Мне так хотелось плюнуть в лицо этому доктору, так хотелось его стукнуть, да хотя бы закричать в конце концов! Но я не делала ни первого, ни второго, ни третьего. Я молча носила все в себе… Я тогда еще не знала, насколько вредно сдерживать эмоции, я не умела с ними работать.
Это сейчас бы я выписала весь негатив на бумагу и сожгла потом ее или выбросила в унитаз, порвав на мелкие кусочки. Это сейчас я бы написала письмо тому доктору, не стесняясь в выражениях, я бы выписала все свои чувства на бумагу, но тогда я этого, увы, не знала, все приходит к нам с опытом, чаще всего негативным.
Вот так мы лежали с Анютой в 4-й городской больнице, набирая вес – осень 1999 года
18 декабря 2002 года – я запомнила почему-то эту дату на всю жизнь.
В этот день мы снова попали в нейрохирургию. Только не с нашей водянкой мозга, с диагнозом, к которому мы уже привыкли, не скажу, что смирились, а просто уже научились с этим жить, а совершенно с другим заболеванием – неожиданно у Анюты обнаружилась гематома мозга. Откуда она взялась – одному Богу известно. Ведь нам не дается испытаний сильнее, чем мы можем вынести. Все дается нам по нашим силам, значит, так тому и быть.
Муж в то время очень много ездил по командировкам, он объехал всю Россию, занимаясь грузоперевозками на своем пикапе. Детей он почти не видел, но, возвращаясь из поездок, всегда привозил им подарки. И они очень ждали возвращения папы. В эту ночь, с 17 на 18 декабря 2002 года, его тоже не было дома, я была одна с двумя детьми.
Ночью неожиданно Анюте стало плохо и начало ее тошнить. Я уже знала, что любая тошнота и рвота в нашем случае – это почти всегда из-за проблем с головой, а не с желудком, как это бывает у обычных людей. Я, вместо того, чтобы вызвать скорую, дождалась до утра, все надеясь, что, может быть, все рассосётся само собой. Честно говоря, не знаю, на что я надеялась… Ведь в глубине души я уже понимала, что, скорее всего, придется ехать в нейрохирургию.
Каждый раз, когда у Анюты начинались какие-нибудь неприятности, связанные с нашим заболеванием – гидроцефалией, у меня начинался страх, что опять надо ехать в эту ненавистную уже больницу, снова те же условия – никакого сервиса, ни душа, ни нормальной еды, ни отдельной кровати.
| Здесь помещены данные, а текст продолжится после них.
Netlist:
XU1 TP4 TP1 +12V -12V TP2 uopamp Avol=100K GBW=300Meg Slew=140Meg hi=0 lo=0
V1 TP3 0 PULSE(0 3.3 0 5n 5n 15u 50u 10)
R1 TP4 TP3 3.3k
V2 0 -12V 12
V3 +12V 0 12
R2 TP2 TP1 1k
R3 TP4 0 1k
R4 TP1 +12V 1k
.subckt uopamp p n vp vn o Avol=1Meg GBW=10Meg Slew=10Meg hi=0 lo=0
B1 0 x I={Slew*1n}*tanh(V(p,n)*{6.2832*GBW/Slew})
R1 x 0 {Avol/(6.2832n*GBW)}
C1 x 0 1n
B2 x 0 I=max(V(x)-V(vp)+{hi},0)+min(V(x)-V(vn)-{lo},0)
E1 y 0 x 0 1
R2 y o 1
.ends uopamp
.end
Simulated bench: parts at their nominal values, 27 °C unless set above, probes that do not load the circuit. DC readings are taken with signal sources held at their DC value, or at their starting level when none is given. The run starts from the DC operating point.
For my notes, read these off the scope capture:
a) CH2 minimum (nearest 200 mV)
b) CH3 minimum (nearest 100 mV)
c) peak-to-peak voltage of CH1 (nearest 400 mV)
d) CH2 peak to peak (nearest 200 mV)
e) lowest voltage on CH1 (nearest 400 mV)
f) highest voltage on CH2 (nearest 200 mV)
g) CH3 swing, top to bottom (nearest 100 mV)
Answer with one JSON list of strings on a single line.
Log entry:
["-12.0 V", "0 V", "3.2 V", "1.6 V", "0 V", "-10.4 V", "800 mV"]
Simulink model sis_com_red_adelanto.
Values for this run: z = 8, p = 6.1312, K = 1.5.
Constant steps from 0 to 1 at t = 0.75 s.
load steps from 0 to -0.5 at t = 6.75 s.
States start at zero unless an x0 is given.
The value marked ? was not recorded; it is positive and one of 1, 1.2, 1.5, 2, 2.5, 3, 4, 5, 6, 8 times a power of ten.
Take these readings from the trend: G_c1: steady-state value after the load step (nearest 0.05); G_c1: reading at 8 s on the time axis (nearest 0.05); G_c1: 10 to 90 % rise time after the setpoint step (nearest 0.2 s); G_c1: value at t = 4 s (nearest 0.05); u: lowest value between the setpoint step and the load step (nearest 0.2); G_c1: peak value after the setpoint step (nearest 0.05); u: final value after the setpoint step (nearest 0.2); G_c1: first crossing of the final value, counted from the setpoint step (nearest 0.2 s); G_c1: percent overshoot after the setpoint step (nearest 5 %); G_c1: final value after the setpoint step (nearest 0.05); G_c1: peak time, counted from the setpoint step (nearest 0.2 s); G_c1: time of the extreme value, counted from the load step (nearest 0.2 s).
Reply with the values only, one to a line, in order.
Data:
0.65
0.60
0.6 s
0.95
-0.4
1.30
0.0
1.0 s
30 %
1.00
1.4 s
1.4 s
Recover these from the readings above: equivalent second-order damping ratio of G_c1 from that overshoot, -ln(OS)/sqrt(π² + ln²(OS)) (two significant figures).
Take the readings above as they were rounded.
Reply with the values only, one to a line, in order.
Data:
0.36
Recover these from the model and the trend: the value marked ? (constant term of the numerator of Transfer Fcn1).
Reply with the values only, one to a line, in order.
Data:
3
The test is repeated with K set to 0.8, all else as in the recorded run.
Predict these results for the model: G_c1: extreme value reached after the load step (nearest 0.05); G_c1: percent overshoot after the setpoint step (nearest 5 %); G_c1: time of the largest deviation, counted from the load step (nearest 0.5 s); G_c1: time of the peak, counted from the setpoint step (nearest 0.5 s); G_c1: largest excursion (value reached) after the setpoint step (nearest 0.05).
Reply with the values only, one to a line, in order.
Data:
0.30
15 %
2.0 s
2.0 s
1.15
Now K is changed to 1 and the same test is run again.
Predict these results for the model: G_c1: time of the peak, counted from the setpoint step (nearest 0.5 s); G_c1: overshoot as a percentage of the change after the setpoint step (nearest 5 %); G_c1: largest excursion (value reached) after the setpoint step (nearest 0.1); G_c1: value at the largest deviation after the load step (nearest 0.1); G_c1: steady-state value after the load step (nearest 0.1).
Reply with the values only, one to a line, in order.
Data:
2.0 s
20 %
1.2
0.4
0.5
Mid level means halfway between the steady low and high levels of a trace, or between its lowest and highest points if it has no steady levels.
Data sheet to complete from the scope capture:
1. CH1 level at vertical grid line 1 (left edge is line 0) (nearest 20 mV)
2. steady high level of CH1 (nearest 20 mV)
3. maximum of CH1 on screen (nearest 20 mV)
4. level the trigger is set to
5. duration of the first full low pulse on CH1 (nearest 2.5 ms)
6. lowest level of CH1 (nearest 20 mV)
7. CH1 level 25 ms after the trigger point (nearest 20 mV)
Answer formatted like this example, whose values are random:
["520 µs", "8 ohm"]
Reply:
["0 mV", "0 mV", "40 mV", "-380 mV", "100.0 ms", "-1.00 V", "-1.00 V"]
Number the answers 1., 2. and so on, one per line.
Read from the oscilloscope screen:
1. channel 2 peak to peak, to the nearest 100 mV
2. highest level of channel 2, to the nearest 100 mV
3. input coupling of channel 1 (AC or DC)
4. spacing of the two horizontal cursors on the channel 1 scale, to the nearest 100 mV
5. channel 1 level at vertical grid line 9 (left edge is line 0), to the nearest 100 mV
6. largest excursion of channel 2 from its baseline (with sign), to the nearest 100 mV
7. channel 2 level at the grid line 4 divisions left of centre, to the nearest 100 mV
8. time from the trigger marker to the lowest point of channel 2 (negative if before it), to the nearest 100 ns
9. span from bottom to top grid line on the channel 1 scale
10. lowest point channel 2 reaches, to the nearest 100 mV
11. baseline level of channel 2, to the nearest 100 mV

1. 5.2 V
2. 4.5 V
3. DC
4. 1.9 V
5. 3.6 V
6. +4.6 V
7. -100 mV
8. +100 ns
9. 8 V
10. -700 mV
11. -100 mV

Никаких условий ни для матерей, ни для детей. Это сейчас всё по-другому, детей уже в этой больнице не лечат, только взрослых, начиная с 18 лет. А тогда все в стационаре лежали вместе – и матери с грудными детьми, и дети школьного возраста, одни, без мам, и взрослые – мужчины и женщины. Но надо – значит надо. И никуда не денешься – едешь. И живешь в этих условиях, и ешь эту еду, и смотришь на изученные уже тобой до мельчайшей царапины стены.